- [Directions]
Output exactly the lines from the one with "#undef vl_msg_name_crc_list" through the last line of the data below, both included, and nothing more.

- [Record set]
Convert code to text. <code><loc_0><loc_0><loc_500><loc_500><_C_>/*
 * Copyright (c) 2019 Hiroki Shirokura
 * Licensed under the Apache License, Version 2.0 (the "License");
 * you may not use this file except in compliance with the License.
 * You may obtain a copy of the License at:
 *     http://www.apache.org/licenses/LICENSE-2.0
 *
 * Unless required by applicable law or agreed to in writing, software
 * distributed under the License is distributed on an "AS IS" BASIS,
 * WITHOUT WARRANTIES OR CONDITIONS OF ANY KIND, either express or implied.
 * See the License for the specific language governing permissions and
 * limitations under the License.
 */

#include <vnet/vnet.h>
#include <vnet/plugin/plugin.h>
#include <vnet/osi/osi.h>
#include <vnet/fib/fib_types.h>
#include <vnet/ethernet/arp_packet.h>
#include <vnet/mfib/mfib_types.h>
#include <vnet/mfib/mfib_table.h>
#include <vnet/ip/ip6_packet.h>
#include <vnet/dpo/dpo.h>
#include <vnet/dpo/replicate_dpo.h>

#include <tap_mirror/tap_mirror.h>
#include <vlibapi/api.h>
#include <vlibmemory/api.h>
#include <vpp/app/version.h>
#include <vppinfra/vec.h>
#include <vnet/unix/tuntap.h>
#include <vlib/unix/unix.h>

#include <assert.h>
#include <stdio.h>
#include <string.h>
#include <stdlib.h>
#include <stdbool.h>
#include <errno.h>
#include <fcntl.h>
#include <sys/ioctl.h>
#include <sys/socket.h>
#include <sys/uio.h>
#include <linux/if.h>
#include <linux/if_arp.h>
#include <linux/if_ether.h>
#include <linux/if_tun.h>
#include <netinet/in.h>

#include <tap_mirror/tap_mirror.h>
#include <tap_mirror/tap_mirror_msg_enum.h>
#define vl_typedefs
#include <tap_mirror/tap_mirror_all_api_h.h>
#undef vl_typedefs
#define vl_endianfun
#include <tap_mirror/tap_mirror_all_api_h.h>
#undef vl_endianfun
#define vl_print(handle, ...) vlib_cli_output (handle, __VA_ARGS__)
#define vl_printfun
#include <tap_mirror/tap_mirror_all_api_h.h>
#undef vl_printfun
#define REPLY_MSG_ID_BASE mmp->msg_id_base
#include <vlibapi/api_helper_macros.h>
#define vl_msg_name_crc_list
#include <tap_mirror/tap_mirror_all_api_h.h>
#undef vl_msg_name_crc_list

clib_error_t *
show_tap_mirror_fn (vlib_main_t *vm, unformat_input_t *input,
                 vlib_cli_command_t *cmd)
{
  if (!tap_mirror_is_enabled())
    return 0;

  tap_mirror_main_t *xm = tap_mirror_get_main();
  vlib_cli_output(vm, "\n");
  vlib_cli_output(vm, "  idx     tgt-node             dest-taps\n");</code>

- [Answer section]
#undef vl_msg_name_crc_list

clib_error_t *
show_tap_mirror_fn (vlib_main_t *vm, unformat_input_t *input,
                 vlib_cli_command_t *cmd)
{
  if (!tap_mirror_is_enabled())
    return 0;

  tap_mirror_main_t *xm = tap_mirror_get_main();
  vlib_cli_output(vm, "\n");
  vlib_cli_output(vm, "  idx     tgt-node             dest-taps\n");</code>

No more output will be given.